Já estou muito velho para ser o jovem rebelde. Mas não ligo nenhuma a isso. O que posso fazer? Talvez tenha sido uma forma de catalogar o meu trabalho quando comecei. O que tento é fazer sempre filmes diferentes. Mas precisei de tempo para contar esta história. Não teria sido possível filmá-la há dez anos. Cada filme é diferente. Eu vou mudando, depende sempre de onde estou na vida. O facto de ter testemunhado algumas mortes à minha volta ajudou-me a perceber melhor esta história.
A personagem central era também um rebelde.
Sim, foi um menino mimado. Eu também sou um pouco mimado, tenho a sorte de fazer um filme todos os anos. Gosto da liberdade deste homem. Reconheço-me um pouco nele.
Quando convidou a Charlotte Rampling para trabalhar de novo consigo ela disse logo que sim?
Disse que não, que era um papel pequeno. Eu liguei-lhe a pedir desculpa, era um papel pequeno, mas que a queria a ela. Nós somos muito amigos. Ela disse que sim também porque a Emmanuèle tinha-me ajudado bastante com o guião do "Sob a areia". Houve uma grande conexão entre a Emmanuèle, a Charlotte e eu, por isso foi uma forma de prestar um tributo à Emmanuèle. E a Charlotte está magnífica, apesar de serem poucas sequências.
A escolha da Hanna Schygulla tem também a ver com o seu apreço pela obra de Fassbinder, que a revelou?

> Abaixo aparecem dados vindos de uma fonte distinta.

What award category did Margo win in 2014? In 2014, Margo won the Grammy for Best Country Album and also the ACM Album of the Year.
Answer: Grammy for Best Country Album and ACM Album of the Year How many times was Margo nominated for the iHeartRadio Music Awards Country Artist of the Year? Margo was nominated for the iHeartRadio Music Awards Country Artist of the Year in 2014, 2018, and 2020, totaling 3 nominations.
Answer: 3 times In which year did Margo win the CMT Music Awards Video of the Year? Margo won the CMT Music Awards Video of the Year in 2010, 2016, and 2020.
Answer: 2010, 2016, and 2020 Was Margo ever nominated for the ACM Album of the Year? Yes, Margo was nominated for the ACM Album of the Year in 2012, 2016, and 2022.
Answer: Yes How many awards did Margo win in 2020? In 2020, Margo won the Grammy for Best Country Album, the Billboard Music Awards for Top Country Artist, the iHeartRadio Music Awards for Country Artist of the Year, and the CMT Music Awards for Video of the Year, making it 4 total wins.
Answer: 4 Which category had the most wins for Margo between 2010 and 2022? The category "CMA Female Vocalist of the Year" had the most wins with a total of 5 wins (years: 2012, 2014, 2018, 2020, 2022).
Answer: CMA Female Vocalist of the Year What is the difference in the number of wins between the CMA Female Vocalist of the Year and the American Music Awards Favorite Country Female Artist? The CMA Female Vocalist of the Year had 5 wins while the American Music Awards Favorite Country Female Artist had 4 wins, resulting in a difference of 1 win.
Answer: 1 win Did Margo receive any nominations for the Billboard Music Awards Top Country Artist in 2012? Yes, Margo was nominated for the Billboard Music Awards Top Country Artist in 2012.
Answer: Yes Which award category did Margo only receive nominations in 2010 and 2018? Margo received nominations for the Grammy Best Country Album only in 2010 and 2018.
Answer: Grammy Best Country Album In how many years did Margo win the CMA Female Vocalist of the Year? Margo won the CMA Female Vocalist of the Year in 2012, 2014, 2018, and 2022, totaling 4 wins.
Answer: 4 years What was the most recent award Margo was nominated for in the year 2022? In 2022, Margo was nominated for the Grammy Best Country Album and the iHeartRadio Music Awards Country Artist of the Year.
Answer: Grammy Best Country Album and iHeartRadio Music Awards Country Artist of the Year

Tenho uma grande paixão pelo Fassbinder, foi muito importante no meu processo de fazer filmes. Adoro a energia dele, a paixão, a sua forma de fazer filmes. Era uma força da natureza. É impressionante ver alguém falar da Alemanha tão olhos nos olhos, de uma forma tão profunda. Mas ele pertence a uma outra geração. É um dos filhos do fim da Segunda Guerra Mundial na Alemanha, um país que tinha de virar a página e seguir em frente. Havia uma grande hipocrisia em relação ao que se tinha passado. Ele teve a enorme lucidez de olhar debaixo do tapete. Eu venho de outro lugar.
Há uma dimensão política em "Correu tudo bem", como em vários filmes de Fassbinder.
Não tenho interesse em fazer filmes políticos, O que me interessa é fazer perguntas. Fazer este filme foi uma forma de compreender melhor a minha relação com a morte. E não sei o que faria se fosse confrontado com esta situação. Um dos meus pais perguntou-me e eu disse que não sabia. Não quero ser confrontado com esta situação. O filme permite ao espectador colocar-se essa mesma questão.
Os seus filmes lidam muitas vezes com a homossexualidade.
Desta vez não foi opção minha. O pai era bissexual. Pertence a uma geração onde não se vivia abertamente a homossexualidade. Casava-se com uma mulher, tinha-se filhos e tinha-se uma vida dupla. Era muito difícil para a filha e também para a mãe. A filha estava bastante aborrecida com a mãe, porque ela podia divorciar-se mas preferiu ficar.
Falou também com Serge Toubiana, o viúvo de Emmanuèle Bernheim?
Claro que sim, falei bastante com ele e com a Pascale Bernheim, a irmã. Deram-me muitas informações que acrescentei ao guião. A Emmanuèle morreu cinco anos depois com um cancro. Não consigo separar a morte dela desta história. Antes de morrer, já muito doente, disse-me que sentia como que o pai e a mãe a puxarem-lhe as pernas para a cova. Foi muito injusto, ela tinha apenas 60 anos.